It would be fine if this manse business was the only thing to produce knowing nods by everyone else and a bewildered shake of the head by me. But it isn’t. For the past couple of days I’ve been wondering what it is that the rest of the world sees in Mr Brown’s NHS reform that I’ve missed. Those people who don’t confidently reply “son of the manse” when asked about Mr Brown instead say “man of substance” and cite his NHS reform plan as evidence of his sagacity. And there am I thinking that it is completely daft.
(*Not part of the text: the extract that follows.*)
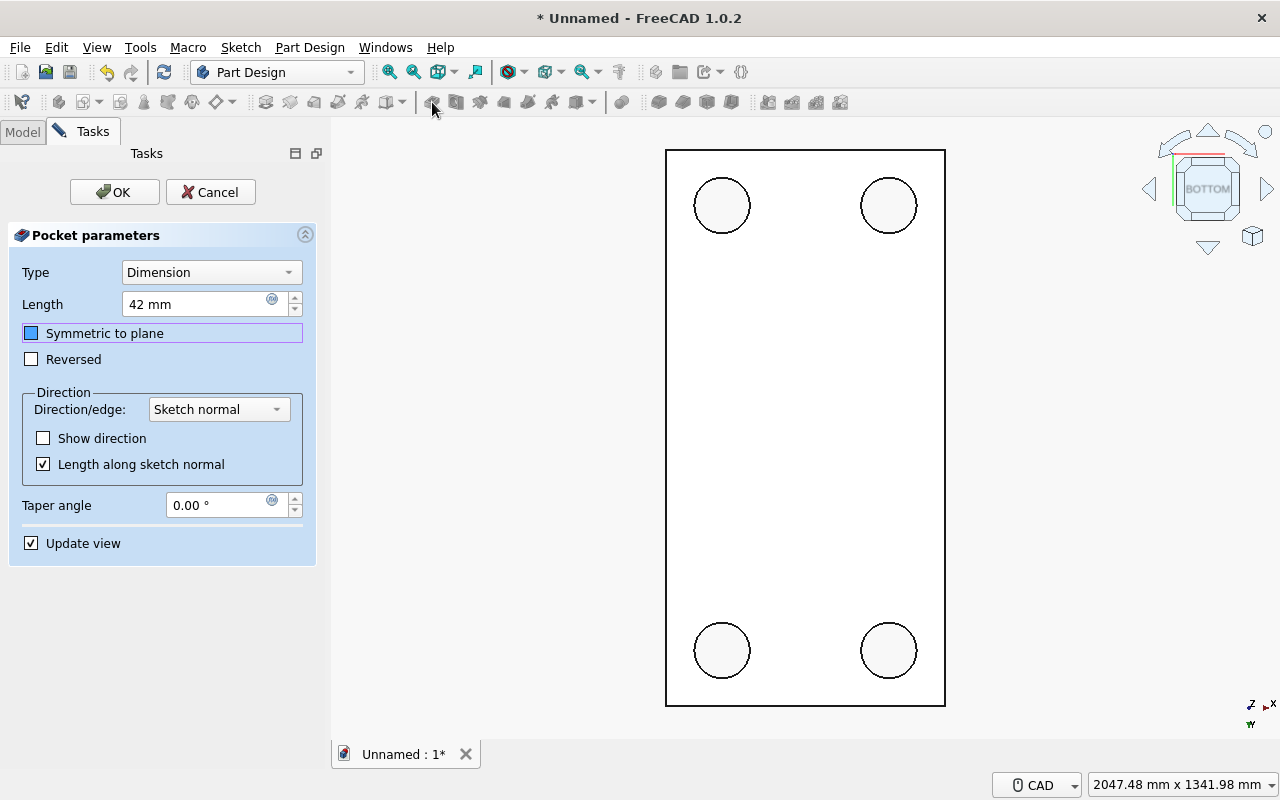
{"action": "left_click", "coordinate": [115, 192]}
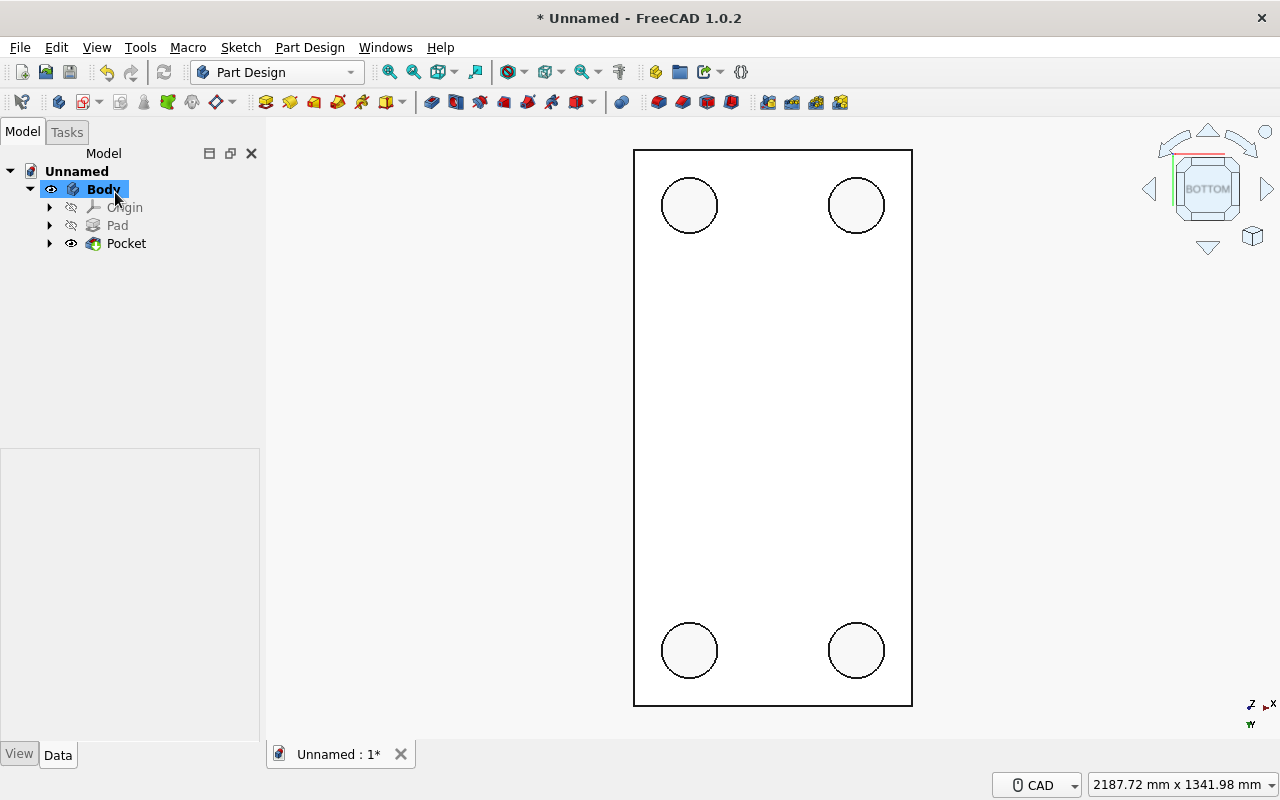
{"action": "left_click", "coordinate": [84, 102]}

The policy of giving the Bank of England the power to set interest rates, free from political interference, has been an undoubted success. So now Mr Brown wants to extend that model to the public services, with the NHS most commonly named as the first to be reformed in this way. An independent board will be established to administer the service, with the role of politicians restricted to setting overall goals and strategy.
Conservatives are sufficiently enthusiastic about the idea to claim that Mr Brown has stolen it from them. The day will come when the Tories will pretend that they had nothing whatsoever to do with it.
From the years when I used to write politician’s speeches for a living, I know the two hardest things. The first is writing jokes. I remember sitting up at two in the morning reviewing a list of gags that had been sent in by Ken Dodd, not one of which was even remotely amusing.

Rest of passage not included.